Começava uma onda de
apreensão na cidade.
Até Joice questionou
o Veiga:
- Meu amor, nós vamos
sair da cidade?
Respondeu rápido:
- Calma meu bem. Não
aconteceu nada até hoje e nem vai acontecer.
Veiga estava furioso
e ia ter uma séria conversa com Queiroz.
O Queiroz trabalhava
numa panificadora, quando viu o Veiga plantado no balcão foi conversar.
- Que foi Veiga?
O Veiga nervoso o
agarra pelo colarinho:
- Olha aqui seu gordo
inútil; minha esposa está grávida e já vai ter o bebê. E você fica assustando a
pobre?
O Queiroz levanta as
mãos:
- Só estou tentando
ajudar, eu vou provar o que digo.
Veiga o soca no
estômago e vira as costas:
- Vá fazer um regime,
cuide de si e deixe nossas famílias em paz!
O gordo no chão:
- Vou te provar
Veiga! Você vai ser o primeiro a ver.
O padeiro imenso não
perdeu tempo e encontrou seu contato interno da Xemox.
Queiroz estremeceu ao
ler os documentos, as provas e dados eram horríveis demais.
Juntou a papelada e
pensou em reunir o povo. Mas o pensamento instintivo o assaltou.
“Primeiro falarei com
o Veiga”
Já sonhava com as
desculpas.
O Veiga fechava sua
loja, quando viu o gordo suarento chegar.
O Queiroz abriu a
porta e disse:
- Precisamos
conversar!
A loja estava vazia,
o Veiga calmamente disse:
- Está bem!

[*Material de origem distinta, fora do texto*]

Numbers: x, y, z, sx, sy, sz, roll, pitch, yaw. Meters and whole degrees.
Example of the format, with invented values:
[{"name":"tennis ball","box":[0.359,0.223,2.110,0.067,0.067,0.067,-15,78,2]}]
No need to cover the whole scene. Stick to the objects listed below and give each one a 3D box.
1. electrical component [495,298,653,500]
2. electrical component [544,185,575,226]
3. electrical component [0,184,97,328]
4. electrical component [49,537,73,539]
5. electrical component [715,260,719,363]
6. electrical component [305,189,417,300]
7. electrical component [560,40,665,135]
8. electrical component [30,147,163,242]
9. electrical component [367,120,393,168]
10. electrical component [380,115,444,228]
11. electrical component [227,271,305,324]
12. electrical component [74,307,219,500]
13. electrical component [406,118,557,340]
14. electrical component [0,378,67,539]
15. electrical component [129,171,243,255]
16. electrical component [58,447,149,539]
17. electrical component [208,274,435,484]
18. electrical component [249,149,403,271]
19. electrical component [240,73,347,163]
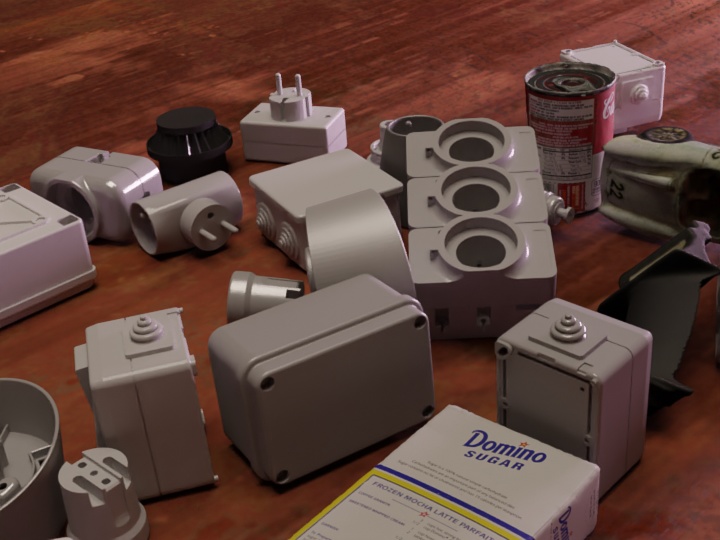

Só vou pegar minhas coisas.
Ele pegou o que lhe
pertencia e entrou no carro do Queiroz.
Andaram pouco tempo
até o rio da cidade.
O gordo desce do
carro e Veiga acompanha.
- Tenho algo pra te
mostrar...
Chegam em uma parte
em que o rio é bombardeado por um líquido amarelo. O cano era pertencente à
Xemox.
- Tá, e daí?
Diante da resposta de
Veiga, Queiroz lhe mostra um monte de papéis.
Eram fotos de animais
deformados, gráficos de contaminação, graus de envenenamento.
Veiga via seus sonhos
ruindo.
Sua decisão estava
tomada.
O Queiroz falava:
- A água nesse ponto
e tão tóxica que dissolve qualquer coisa. Temos que falar com advogados, com a
imprensa. Meu Deus! Estamos sendo envenenados por anos.
O Veiga pergunta:
- Dissolve qualquer
coisa?
E arremessa os papéis
no rio. O Queiroz desesperado grita:
- O que você fez?
E foram suas últimas
palavras; Veiga puxou o revólver e o atingiu no pescoço.
A solução do sumiço
de Queiroz estava em sua frente, sem pestanejar jogou o cadáver no rio.
Então o celular
tocou.
Foi chamado às
pressas ao hospital, sua mulher dava a luz...
Chegou sôfrego e logo
acompanhava o parto. A mulher sofria demais.
- Eu não vou aguentar
querido! Eu não vou aguentar!
E o Veiga segurando
sua mão.
- Vai sim. Vai me dar
um filho que vai me ajudar na loja. Vai trabalhar comigo, nosso menino.
O médico terminava o
parto.
De repente o doutor
estacou branco de medo e pousou o bebê na cama.
- Meu Deus.
O médico sussurrou e
Veiga se aproxima. A mulher estava morta, estava tão esperançoso no bebê que
nem notou.
Ele vê os pés
perfeitos do filho. No meio das pernas a certeza do filho homem.
A toalha estava sobre
o rosto, ele a retira.
Seu rosto era único.
A monstruosidade de
seu rosto era única.
Veiga imagina o
pequeno demônio espantando sua freguesia, imagina um gordo defunto sem lábios
rindo no rio...
E sentiu-se único de
notar a ironia de tudo...
Aproximou a arma da
têmpora direita. Olhou pela janela as chaminés da Xemox.
Atirou.
Um bebê único chorava
com boca inumana.
"Conto embasbacante que tece uma armadilha estilo Contos da Cripta com a voz única de Barone."
Antonio Vargas, músico, leitor do autor desde 2010.
Extras e referências:
1 - Xemox, empresa química-farmacêutica fictícia presente no universo do autor. Uma corporação maléfica que assombra e destrói vidas.